* Dataset excerpts *

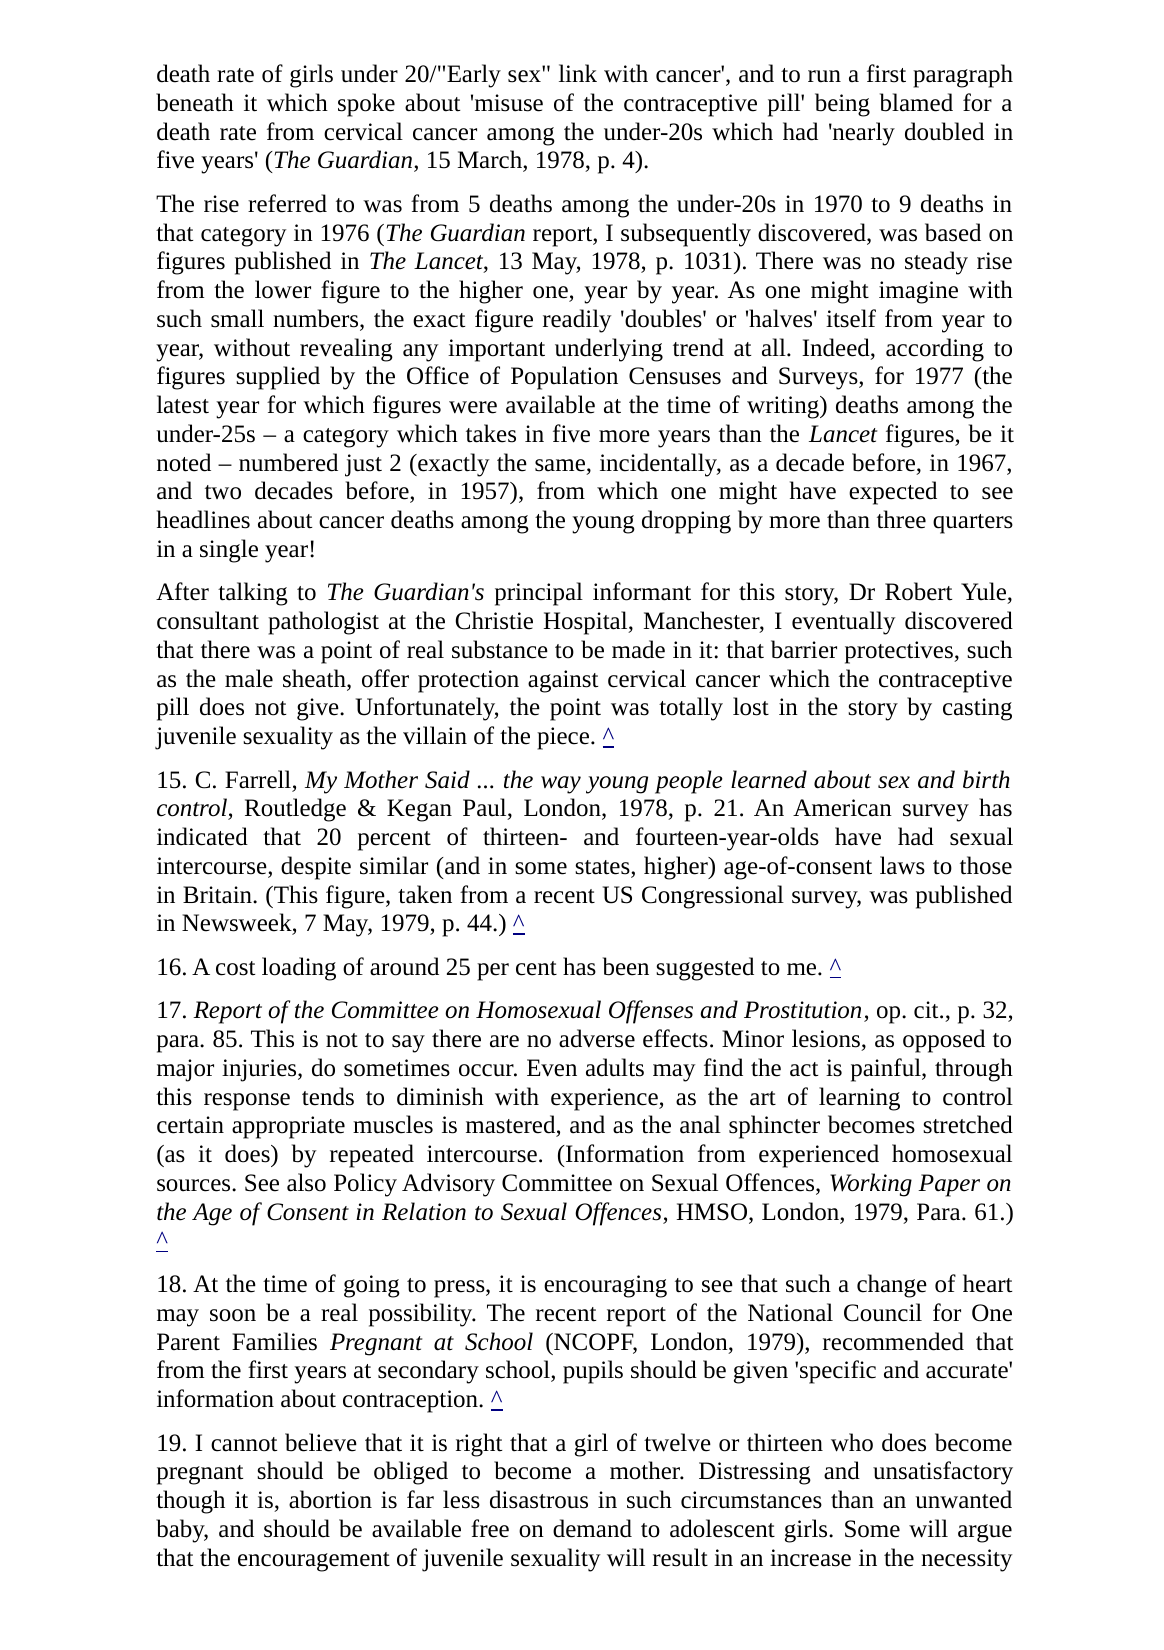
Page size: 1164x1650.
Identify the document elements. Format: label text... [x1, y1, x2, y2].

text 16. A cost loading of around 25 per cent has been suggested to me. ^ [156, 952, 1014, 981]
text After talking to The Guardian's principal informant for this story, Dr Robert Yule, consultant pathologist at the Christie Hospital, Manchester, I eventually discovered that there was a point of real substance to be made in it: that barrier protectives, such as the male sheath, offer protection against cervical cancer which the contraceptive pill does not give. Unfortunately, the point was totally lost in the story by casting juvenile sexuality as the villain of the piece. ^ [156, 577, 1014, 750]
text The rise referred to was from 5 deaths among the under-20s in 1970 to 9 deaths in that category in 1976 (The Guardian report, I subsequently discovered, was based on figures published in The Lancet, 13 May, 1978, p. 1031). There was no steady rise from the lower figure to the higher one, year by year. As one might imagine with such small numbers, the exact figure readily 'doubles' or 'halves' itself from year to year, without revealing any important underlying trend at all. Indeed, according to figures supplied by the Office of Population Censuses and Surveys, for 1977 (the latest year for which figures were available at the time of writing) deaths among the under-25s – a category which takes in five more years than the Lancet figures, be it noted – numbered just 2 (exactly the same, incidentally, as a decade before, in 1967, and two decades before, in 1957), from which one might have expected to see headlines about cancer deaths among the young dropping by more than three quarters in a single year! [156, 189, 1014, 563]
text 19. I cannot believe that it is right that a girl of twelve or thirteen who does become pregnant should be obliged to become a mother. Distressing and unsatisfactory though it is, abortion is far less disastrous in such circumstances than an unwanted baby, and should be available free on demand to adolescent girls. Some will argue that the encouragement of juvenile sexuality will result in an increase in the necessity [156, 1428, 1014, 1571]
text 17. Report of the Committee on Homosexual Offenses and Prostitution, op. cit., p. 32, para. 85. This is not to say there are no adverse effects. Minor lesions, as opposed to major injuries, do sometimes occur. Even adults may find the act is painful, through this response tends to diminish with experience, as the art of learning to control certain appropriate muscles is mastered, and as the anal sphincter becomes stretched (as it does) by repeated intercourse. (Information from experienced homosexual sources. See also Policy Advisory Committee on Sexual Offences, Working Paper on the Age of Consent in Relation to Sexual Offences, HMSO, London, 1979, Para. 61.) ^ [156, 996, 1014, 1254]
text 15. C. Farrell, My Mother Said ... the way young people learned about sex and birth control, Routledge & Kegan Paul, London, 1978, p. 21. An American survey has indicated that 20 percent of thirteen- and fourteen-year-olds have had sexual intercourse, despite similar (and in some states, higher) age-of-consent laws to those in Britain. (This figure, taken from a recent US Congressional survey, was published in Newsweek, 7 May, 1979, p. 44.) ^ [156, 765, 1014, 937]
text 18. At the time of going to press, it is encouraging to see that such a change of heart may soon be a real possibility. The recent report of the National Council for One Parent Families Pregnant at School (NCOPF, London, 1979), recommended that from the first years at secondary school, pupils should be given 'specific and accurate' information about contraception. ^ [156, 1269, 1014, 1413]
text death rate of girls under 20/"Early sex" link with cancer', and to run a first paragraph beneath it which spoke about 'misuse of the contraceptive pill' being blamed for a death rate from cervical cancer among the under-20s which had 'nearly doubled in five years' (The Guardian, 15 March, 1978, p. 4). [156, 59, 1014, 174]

* Assignment *
Word for word, write out the lines from the top of the records above down to the line holding "text After talking", inclusive, but not the pictures.

* Answer section *
Page size: 1164x1650.
Identify the document elements. Format: label text... [x1, y1, x2, y2].

text 16. A cost loading of around 25 per cent has been suggested to me. ^ [156, 952, 1014, 981]
text After talking to The Guardian's principal informant for this story, Dr Robert Yule, consultant pathologist at the Christie Hospital, Manchester, I eventually discovered that there was a point of real substance to be made in it: that barrier protectives, such as the male sheath, offer protection against cervical cancer which the contraceptive pill does not give. Unfortunately, the point was totally lost in the story by casting juvenile sexuality as the villain of the piece. ^ [156, 577, 1014, 750]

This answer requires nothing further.